Top of AVAILABLE DATA

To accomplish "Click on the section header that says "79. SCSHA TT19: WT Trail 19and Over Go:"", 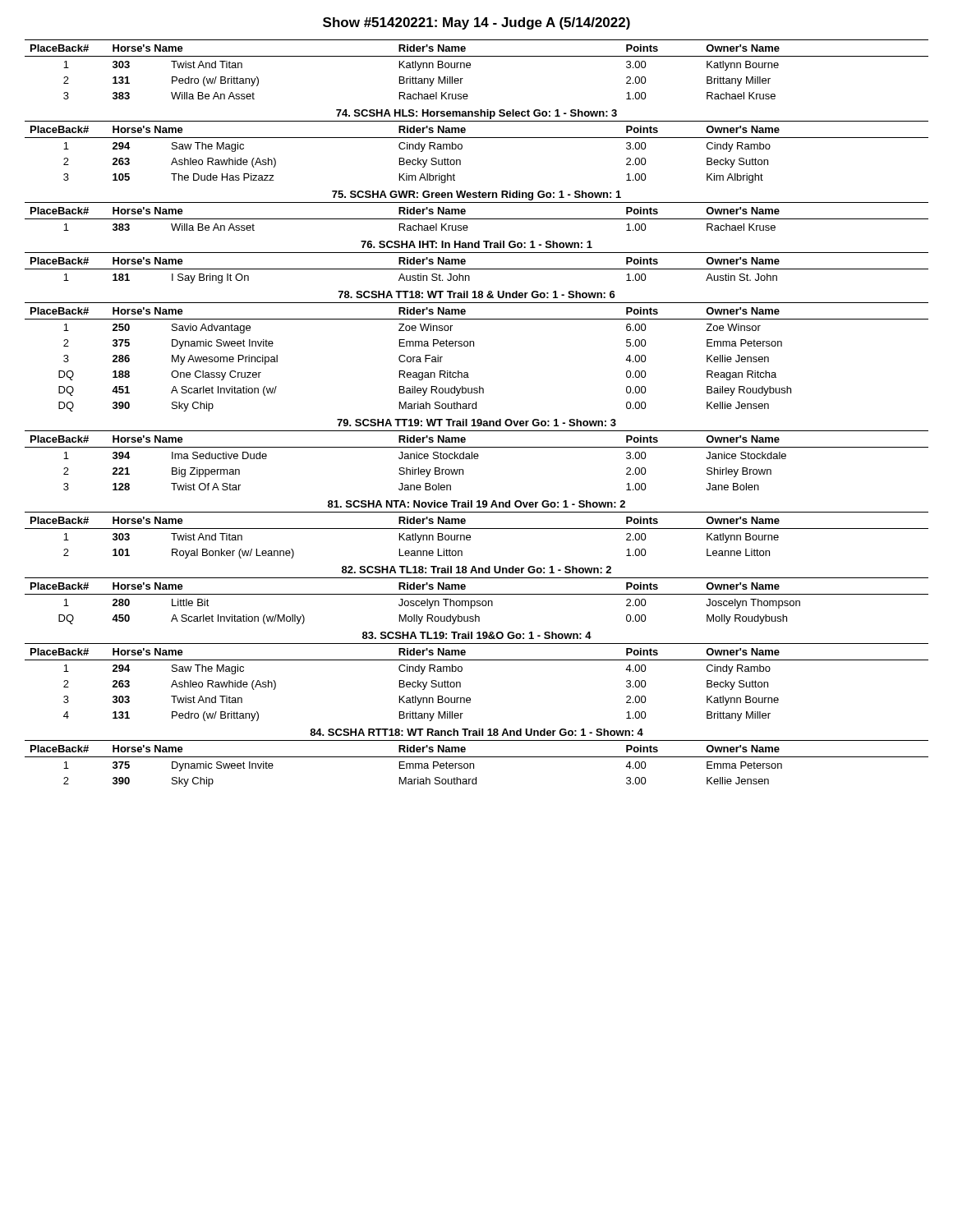I will tap(476, 423).
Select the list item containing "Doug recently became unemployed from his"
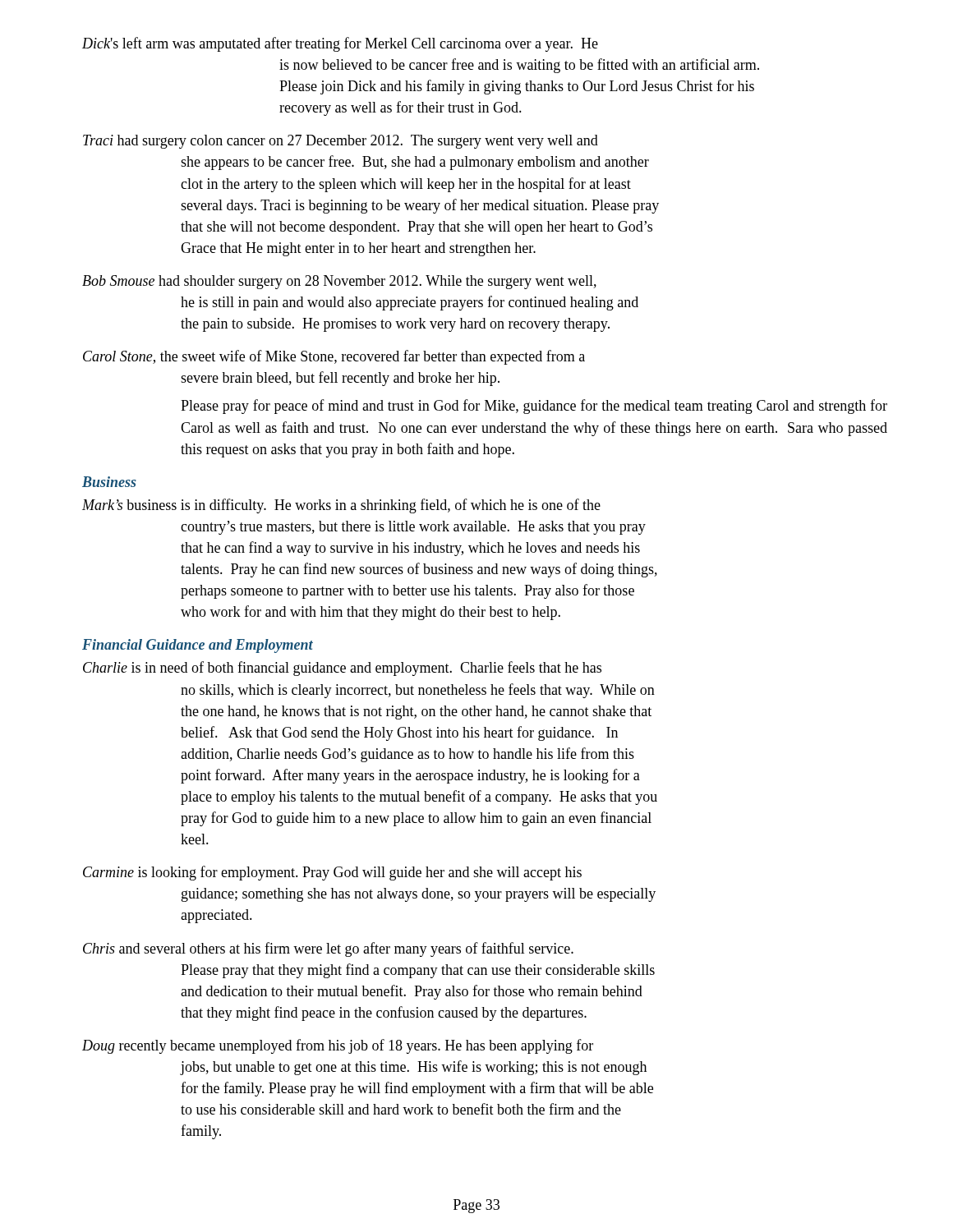The image size is (953, 1232). point(485,1088)
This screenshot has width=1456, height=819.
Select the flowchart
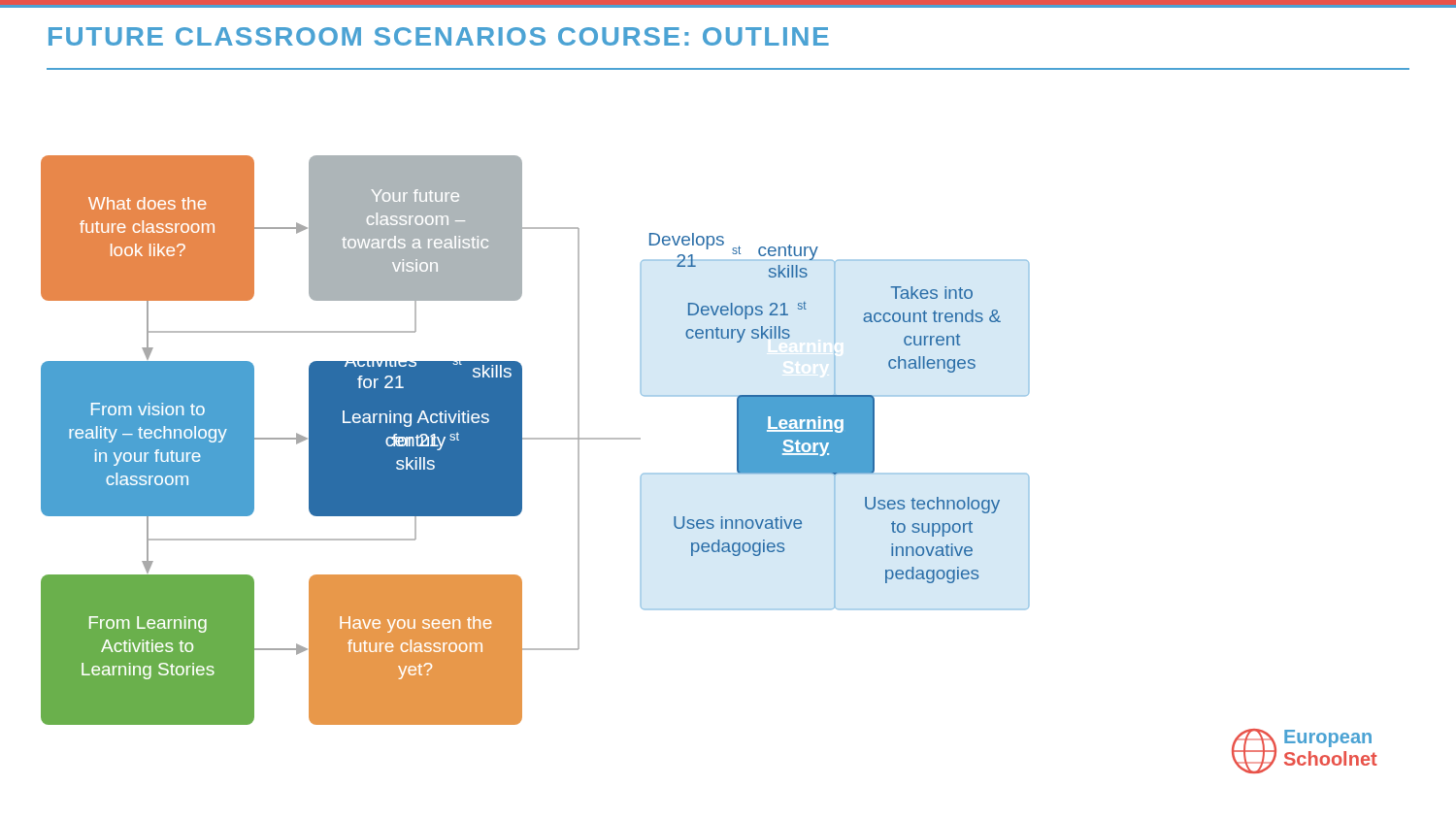tap(728, 442)
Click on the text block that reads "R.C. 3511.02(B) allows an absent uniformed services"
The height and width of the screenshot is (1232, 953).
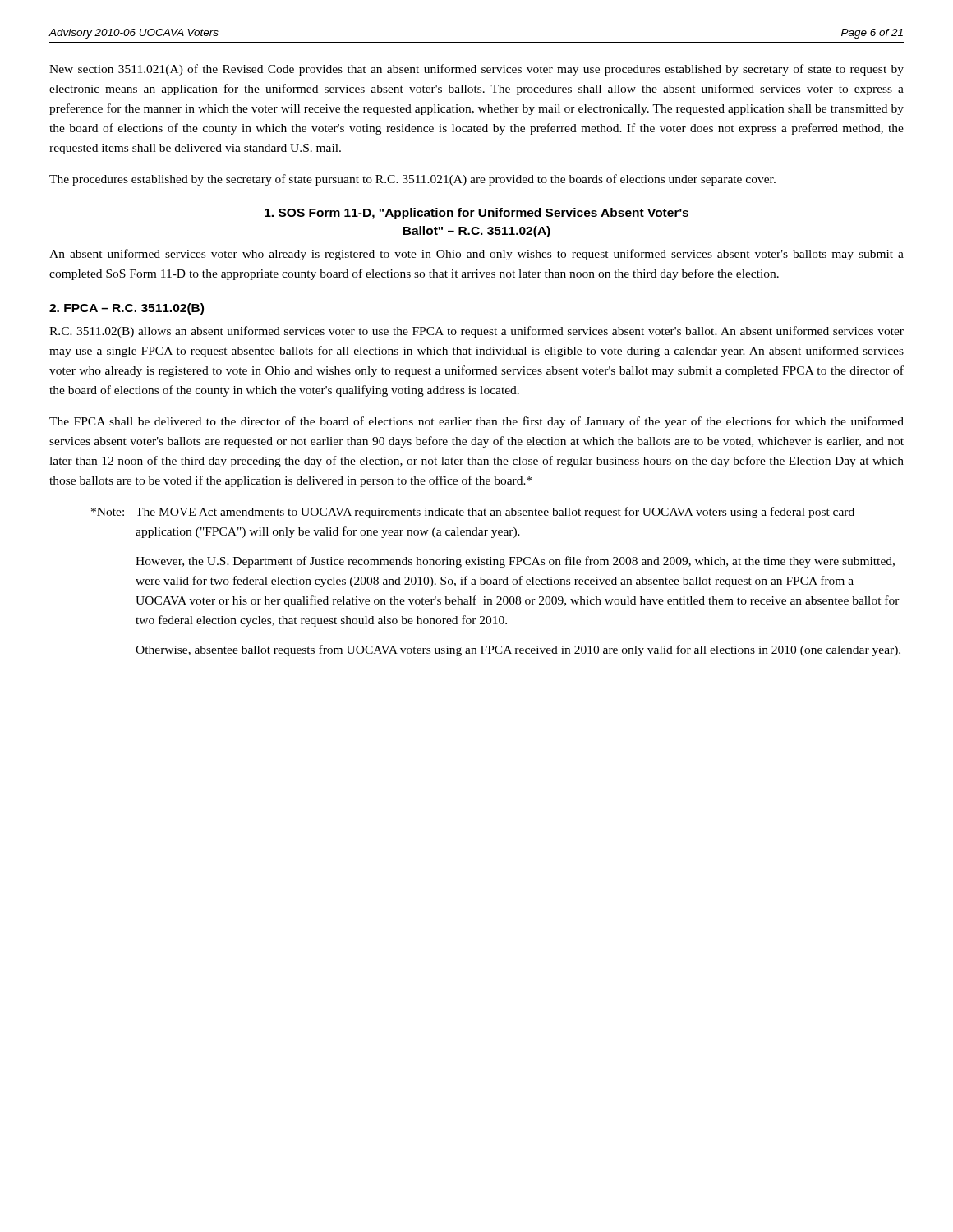coord(476,360)
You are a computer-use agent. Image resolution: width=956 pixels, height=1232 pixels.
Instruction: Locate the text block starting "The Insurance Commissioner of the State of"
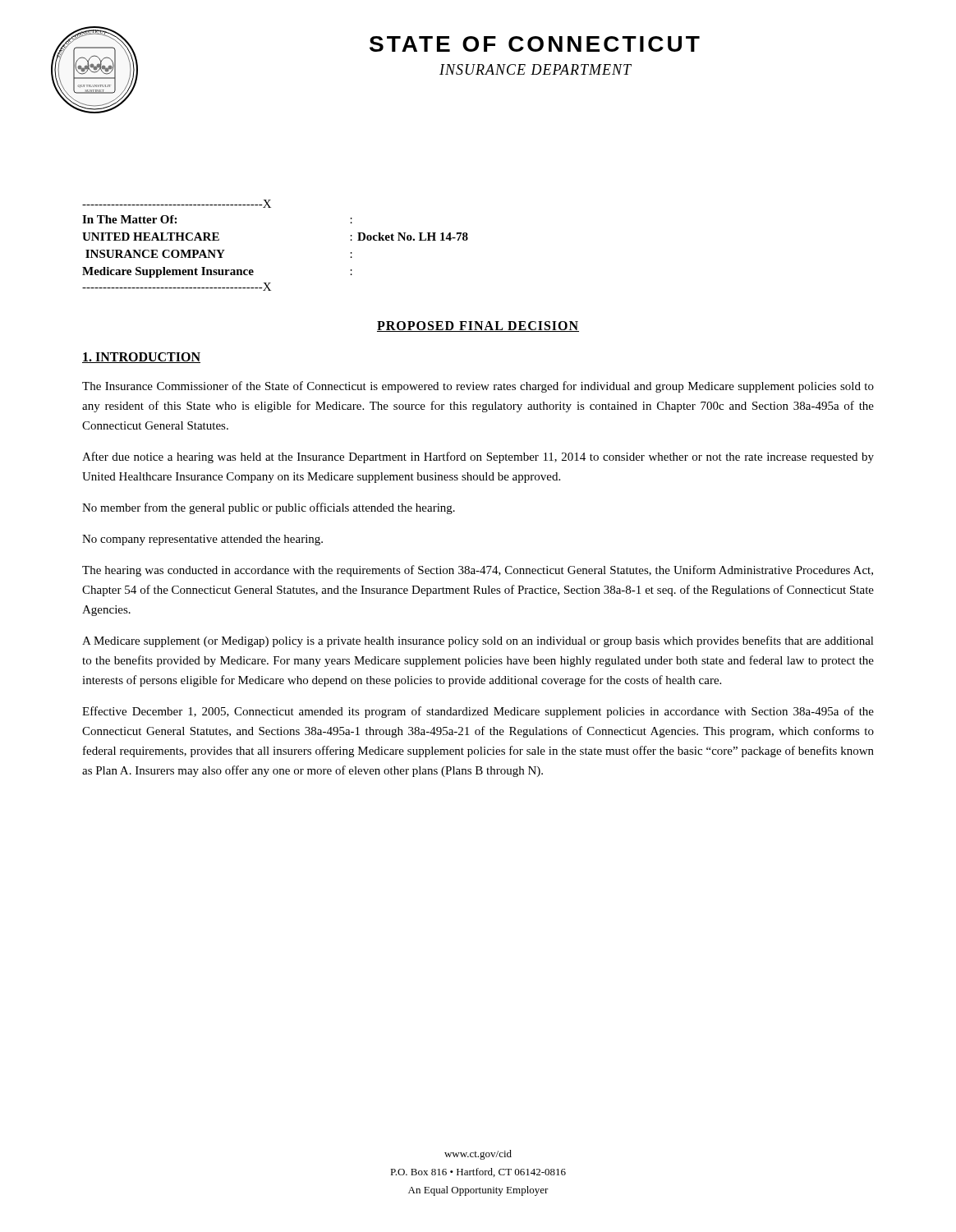click(478, 406)

Bottom of AVAILABLE DATA

Take the line containing "Click on the text" as the first and the last line of the records as the end. Print every line in that span exactly, leaving out pictures.

• _OUTPUT OF THE TASK_
Click on the text block that reads "R.C. 3511.02(B) allows an absent uniformed services"
The height and width of the screenshot is (1232, 953).
coord(476,360)
You are a computer-use agent. Image resolution: width=956 pixels, height=1232 pixels.
Instruction: Locate the text block starting "The Insurance Commissioner of the State of"
click(478, 406)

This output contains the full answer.